House moving toward ban on Internet cafes
Published: Friday, March 15, 2013 at 11:41 a.m.
Last Modified: Friday, March 15, 2013 at 11:41 a.m.
TALLAHASSEE — The Florida House is poised to endorse a broad ban on Internet cafes, following a gambling scandal that led to 57 arrests and the resignation of Lt. Gov. Jennifer Carroll this week.
In a 15-1 vote Friday, the Florida House Select Committee on Gaming backed a bill (HB 155) banning the cafes as well as other related gaming activities, including adult arcades.
Rep. Carlos Trujillo said his bill (HB 155) is aimed at strengthening the state's gambling laws in the wake of the investigation of the Allied Veterans' cafes, which prosecutors said earned about $300 million from illegal gambling but only paid out about 2 percent of its proceeds to charity. Carroll, who has not been charged in the investigation, had worked for the company as a consultant in 2009 and 2010.
"These machines have always been illegal," said Trujillo, a Miami Republican.
House Speaker Will Weatherford, R-Wesley Chapel, another strong opponent of the Internet cafes, said the full House may take up the bill as early as next week.
But the next significant step will come in the Senate, with that chamber's Committee on Gaming taking up its version of an Internet cafe ban on Monday.
Historically, the Senate has been more reluctant to aggressively go after the Internet cafes and other "gray area" gambling establishments. But Senate President Don Gaetz, R-Niceville, has said the Allied Veterans investigation has prompted the need for a stronger response, including a ban.
Last year, the House voted for a ban, while the issue never reached the Senate floor.
In the House committee on Friday, Rep. Jim Waldman, D-Coconut Creek, cast the only vote against the legislation, saying lawmakers should take a more deliberative approach to the issue. He also questioned the need to pull the adult arcades into the ban.
"It seems like this is nothing but what we consistently seem to do around the Florida House, and that is a knee-jerk reaction to something that took place," Waldman said.
The legislation drew support from an array of groups, including some that traditionally oppose each other on other issues.
In this case, religious conservatives, who oppose gambling on moral grounds, were allied with lobbyists for Florida's jai alai frontons, dog and horse tracks, which see the Internet cafes and other game centers as unfair competition.
Gary Rutledge, a lobbyist representing pari-mutuel facilities, said the tracks and other facilities have "long believed" that the Internet cafes and other "unregulated and untaxed" gambling operations "have had an adverse impact on our industry, which is extremely highly taxed and regulated."
Bill Bunkley, a lobbyist representing a coalition of religious groups, including the Florida Baptist Convention, urged lawmakers to shut down "all Internet gambling cafes and any similar businesses," including the adult arcades. Bunkley said that if lawmakers only close the Internet cafes, the gambling activity could shift to the arcades.

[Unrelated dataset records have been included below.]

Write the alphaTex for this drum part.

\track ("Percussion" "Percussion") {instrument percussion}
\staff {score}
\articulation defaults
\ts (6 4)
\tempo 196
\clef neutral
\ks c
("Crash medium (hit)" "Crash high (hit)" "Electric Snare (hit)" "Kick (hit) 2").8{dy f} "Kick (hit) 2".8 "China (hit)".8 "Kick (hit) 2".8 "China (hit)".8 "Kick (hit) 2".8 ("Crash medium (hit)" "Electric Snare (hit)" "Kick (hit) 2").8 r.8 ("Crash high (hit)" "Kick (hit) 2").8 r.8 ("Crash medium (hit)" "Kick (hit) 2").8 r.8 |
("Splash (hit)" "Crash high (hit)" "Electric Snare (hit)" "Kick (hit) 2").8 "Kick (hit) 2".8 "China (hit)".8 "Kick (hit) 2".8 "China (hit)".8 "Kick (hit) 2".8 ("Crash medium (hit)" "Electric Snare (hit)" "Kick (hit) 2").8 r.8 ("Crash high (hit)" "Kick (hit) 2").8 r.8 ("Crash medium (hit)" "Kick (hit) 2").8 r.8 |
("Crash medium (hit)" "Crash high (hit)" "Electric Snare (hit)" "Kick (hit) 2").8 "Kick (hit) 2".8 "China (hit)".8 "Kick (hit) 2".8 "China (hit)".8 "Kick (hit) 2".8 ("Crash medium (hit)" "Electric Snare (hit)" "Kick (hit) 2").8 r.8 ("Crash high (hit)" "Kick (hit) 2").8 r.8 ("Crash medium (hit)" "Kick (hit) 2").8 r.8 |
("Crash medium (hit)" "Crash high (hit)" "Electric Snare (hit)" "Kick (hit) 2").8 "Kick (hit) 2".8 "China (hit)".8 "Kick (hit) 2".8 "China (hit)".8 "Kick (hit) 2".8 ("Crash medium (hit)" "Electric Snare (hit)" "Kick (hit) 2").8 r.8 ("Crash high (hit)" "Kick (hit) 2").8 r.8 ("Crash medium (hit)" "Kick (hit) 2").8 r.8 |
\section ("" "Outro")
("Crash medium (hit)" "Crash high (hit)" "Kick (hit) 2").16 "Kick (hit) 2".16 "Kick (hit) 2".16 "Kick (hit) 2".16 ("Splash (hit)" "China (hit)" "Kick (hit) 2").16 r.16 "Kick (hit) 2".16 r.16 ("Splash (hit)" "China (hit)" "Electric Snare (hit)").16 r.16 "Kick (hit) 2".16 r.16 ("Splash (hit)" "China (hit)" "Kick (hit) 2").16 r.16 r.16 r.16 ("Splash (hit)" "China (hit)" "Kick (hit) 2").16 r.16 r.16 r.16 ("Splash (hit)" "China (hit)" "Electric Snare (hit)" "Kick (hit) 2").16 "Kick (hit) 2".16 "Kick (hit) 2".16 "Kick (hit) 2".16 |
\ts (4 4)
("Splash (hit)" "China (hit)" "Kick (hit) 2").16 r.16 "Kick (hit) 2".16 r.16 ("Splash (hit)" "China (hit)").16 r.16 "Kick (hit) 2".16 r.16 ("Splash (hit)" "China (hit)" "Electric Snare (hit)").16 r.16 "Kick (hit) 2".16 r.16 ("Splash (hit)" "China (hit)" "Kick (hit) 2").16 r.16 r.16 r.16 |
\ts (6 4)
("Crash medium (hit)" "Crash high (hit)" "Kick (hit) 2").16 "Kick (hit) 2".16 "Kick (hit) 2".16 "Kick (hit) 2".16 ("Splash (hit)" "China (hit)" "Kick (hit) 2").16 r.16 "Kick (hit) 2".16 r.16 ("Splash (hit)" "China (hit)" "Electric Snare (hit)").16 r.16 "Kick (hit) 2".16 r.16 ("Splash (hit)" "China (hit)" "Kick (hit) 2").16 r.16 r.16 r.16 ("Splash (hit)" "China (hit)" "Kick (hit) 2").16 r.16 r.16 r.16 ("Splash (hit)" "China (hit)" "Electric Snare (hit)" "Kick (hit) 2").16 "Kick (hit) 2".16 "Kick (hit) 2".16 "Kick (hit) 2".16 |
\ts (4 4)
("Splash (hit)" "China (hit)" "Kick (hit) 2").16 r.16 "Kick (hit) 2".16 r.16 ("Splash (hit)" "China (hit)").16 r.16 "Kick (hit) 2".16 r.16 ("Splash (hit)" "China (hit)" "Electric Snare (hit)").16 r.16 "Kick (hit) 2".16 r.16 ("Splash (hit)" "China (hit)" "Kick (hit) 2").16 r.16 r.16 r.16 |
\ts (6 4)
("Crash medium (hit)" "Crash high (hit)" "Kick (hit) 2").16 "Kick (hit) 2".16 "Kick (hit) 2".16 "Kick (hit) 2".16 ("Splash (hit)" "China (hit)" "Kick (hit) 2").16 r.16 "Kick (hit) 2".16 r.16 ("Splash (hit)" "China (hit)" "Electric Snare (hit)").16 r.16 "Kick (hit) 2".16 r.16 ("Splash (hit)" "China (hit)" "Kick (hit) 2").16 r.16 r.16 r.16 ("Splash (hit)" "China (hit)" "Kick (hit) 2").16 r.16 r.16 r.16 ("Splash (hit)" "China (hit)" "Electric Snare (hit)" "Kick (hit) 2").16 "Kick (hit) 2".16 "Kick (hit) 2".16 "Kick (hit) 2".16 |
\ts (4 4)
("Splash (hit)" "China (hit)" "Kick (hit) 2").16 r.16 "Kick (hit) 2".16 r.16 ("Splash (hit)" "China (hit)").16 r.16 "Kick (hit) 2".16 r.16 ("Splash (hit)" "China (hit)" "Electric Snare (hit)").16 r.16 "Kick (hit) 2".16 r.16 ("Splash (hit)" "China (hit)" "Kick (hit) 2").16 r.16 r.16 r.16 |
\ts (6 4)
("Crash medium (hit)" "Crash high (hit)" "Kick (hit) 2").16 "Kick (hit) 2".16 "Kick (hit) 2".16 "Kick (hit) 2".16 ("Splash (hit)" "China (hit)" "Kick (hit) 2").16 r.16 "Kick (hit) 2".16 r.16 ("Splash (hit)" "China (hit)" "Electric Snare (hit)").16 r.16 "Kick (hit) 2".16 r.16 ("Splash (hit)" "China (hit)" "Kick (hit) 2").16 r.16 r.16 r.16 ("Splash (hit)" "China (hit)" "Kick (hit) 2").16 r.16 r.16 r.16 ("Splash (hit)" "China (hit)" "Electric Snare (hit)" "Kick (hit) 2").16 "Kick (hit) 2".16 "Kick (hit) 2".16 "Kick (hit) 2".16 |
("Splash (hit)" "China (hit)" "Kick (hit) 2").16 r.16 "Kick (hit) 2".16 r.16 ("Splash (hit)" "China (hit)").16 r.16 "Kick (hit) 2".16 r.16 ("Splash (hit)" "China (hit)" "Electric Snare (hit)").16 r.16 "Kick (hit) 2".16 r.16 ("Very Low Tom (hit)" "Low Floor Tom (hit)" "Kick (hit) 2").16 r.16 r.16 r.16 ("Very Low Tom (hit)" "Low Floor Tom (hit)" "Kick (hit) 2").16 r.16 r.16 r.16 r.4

Meanwhile, other businesses, such as McDonald's, Coca Cola and Dave and Buster's, all groups that run game and prize promotions along with their products, were looking closely at the "Chuck E. Cheese exemption" in the bill, which is designed to distinguish those activities from the illegal ones.
Trujillo said those promotions as well as charitable activities such as church bingo games and Little League raffles will be protected in the new law.
Friday's action by the House panel brought praise from Agriculture Commissioner Adam Putnam, who said the "Internet casinos are a front for gambling and a breeding ground for other illegal activity."
"We must close the loophole in the law that has enabled them to invade our communities," Putnam said in a statement.